Das Ladenlokal in der Probsteigasse heute

Köln – Wer half dem NSU-Trio bei seinem ersten Sprengstoffanschlag in Köln 2001, der die Familie des Lebensmittelhändlers Djavad M. traf? Diese und weitere Fragen sind auch nach dem Ende des fünf Jahre dauernden Münchner Prozesses gegen die überlebenden Mitglieder und Unterstützer der Terrorgruppe ungeklärt. Vertreter der Initiative „Keupstraße ist überall“ wollen deshalb keinen Schlussstrich zulassen.
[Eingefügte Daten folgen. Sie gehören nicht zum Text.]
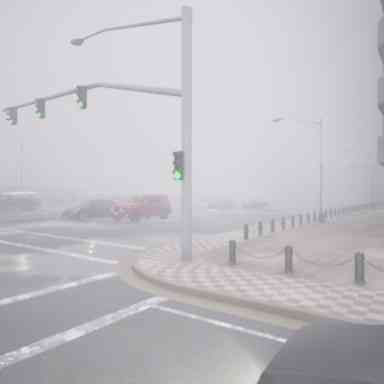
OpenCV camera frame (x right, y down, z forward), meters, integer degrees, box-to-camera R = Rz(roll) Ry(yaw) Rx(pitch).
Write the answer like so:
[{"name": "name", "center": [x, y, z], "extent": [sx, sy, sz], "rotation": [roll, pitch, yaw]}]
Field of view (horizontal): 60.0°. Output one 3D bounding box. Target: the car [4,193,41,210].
[{"name": "car", "center": [-24.214, 1.329, 47.726], "extent": [1.970, 1.475, 3.806], "rotation": [0, 0, 36]}]

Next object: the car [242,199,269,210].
[{"name": "car", "center": [8.281, 1.609, 43.242], "extent": [1.895, 1.301, 4.718], "rotation": [0, 0, 36]}]

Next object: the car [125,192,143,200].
[{"name": "car", "center": [-14.047, 1.062, 80.578], "extent": [1.905, 1.878, 3.866], "rotation": [0, 0, 36]}]

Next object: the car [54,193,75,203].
[{"name": "car", "center": [-24.357, 1.059, 66.412], "extent": [1.932, 1.855, 4.605], "rotation": [0, 0, 36]}]

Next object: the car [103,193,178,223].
[{"name": "car", "center": [-3.928, 1.229, 26.412], "extent": [2.150, 2.045, 5.566], "rotation": [0, 0, 36]}]

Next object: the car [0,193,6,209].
[{"name": "car", "center": [-26.552, 1.290, 49.433], "extent": [1.784, 1.438, 3.905], "rotation": [0, 0, 36]}]

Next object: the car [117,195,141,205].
[{"name": "car", "center": [-10.653, 1.344, 56.526], "extent": [1.970, 1.475, 3.806], "rotation": [0, 0, 36]}]

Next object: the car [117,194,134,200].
[{"name": "car", "center": [-16.380, 1.294, 82.294], "extent": [1.970, 1.475, 3.806], "rotation": [0, 0, 36]}]

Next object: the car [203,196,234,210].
[{"name": "car", "center": [3.680, 1.563, 42.867], "extent": [1.994, 1.385, 4.181], "rotation": [0, 0, 36]}]

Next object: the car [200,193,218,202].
[{"name": "car", "center": [4.134, 1.117, 67.293], "extent": [1.932, 1.855, 4.605], "rotation": [0, 0, 36]}]

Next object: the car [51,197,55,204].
[{"name": "car", "center": [-26.659, 1.262, 68.171], "extent": [1.784, 1.438, 3.905], "rotation": [0, 0, 36]}]

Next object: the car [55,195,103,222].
[{"name": "car", "center": [-8.111, 1.351, 26.601], "extent": [2.097, 1.767, 4.553], "rotation": [0, 0, 36]}]

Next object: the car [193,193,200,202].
[{"name": "car", "center": [1.827, 1.112, 69.042], "extent": [1.905, 1.878, 3.866], "rotation": [0, 0, 36]}]

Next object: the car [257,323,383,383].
[{"name": "car", "center": [3.009, 1.551, 1.817], "extent": [5.357, 1.411, 2.033], "rotation": [0, 0, 32]}]
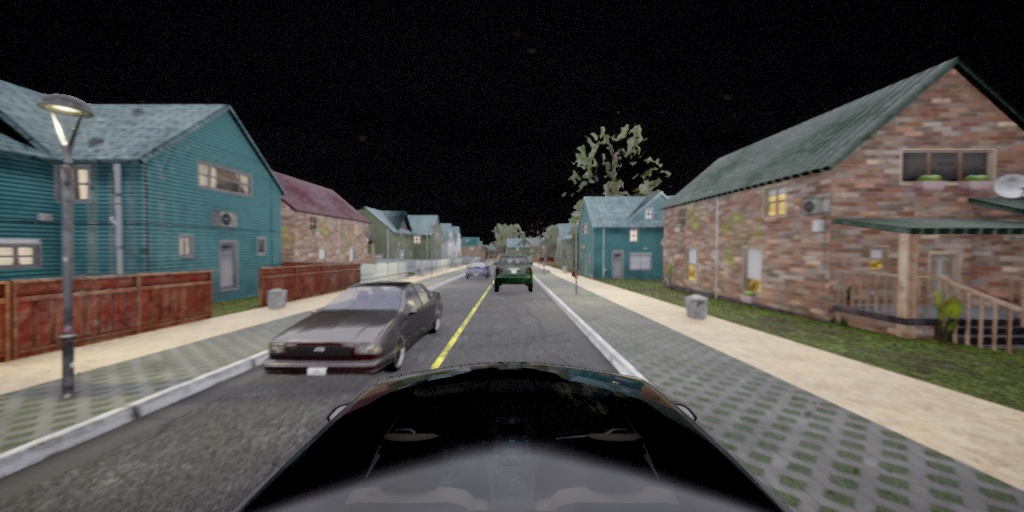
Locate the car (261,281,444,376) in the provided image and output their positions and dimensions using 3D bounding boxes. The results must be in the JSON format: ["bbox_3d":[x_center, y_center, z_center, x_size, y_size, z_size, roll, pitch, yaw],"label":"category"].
[{"bbox_3d":[-2.804,1.280,7.860,2.033,1.411,5.357,0,0,1],"label":"car"}]

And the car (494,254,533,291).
[{"bbox_3d":[0.094,0.917,21.471,2.150,2.045,5.566,0,0,0],"label":"car"}]

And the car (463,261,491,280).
[{"bbox_3d":[-2.851,1.196,30.753,1.812,1.442,4.674,0,0,0],"label":"car"}]
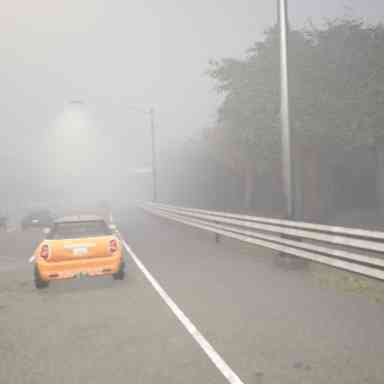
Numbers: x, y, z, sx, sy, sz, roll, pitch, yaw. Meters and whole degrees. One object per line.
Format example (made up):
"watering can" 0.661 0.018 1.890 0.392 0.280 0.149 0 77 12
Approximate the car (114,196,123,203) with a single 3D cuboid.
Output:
"car" -19.272 2.148 84.405 1.895 1.301 4.718 -2 0 -6

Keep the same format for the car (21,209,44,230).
"car" -11.051 1.933 24.318 1.994 1.385 4.181 -2 0 -15

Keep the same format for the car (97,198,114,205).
"car" -15.144 1.818 57.200 2.097 1.767 4.553 -2 0 -11

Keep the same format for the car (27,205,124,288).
"car" -3.332 1.463 10.032 2.097 1.767 4.553 -2 0 -18

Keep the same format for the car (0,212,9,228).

Sie erinnern nun zum 18. Jahrestag an den Anschlag in der Probsteigasse, der drei Jahre vor dem Nagelbombenattentat auf der Keupstraße begangen wurde.

Mit einem „Politischen Spaziergang“ um 19 Uhr am heutigen Samstag (Start ist um 17 Uhr am Rudolfplatz) will die Initiative darauf aufmerksam machen, dass weder die Rolle der ermittelnden Staatsorgane hinreichend hinterfragt noch das gesellschaftliche Bewusstsein für die Gefahren von Rassismus so geschärft worden sei, dass sich eine ähnliche Mordserie nicht wiederholen könnte.

Drängende Fragen immer noch offen

In einem Lebensmittelgeschäft in der Probsteigasse war am 19. Januar 2001 die damals 19 Jahre alte Tochter des Ladeninhabers durch eine Sprengfalle schwer verletzt worden. Die Tat wird dem NSU-Trio Uwe Böhnhardt, Uwe Mundlos und Beate Zschäpe zugerechnet. In ihrem Plädoyer vor dem Münchner Gericht, das Zschäpe im Juli zu lebenslänglicher Haft verurteilte, machte die Anwältin der Familie M., Edith Lunnebach, deutlich, dass die drängendsten Fragen zu dieser Tat nicht beantwortet wurden.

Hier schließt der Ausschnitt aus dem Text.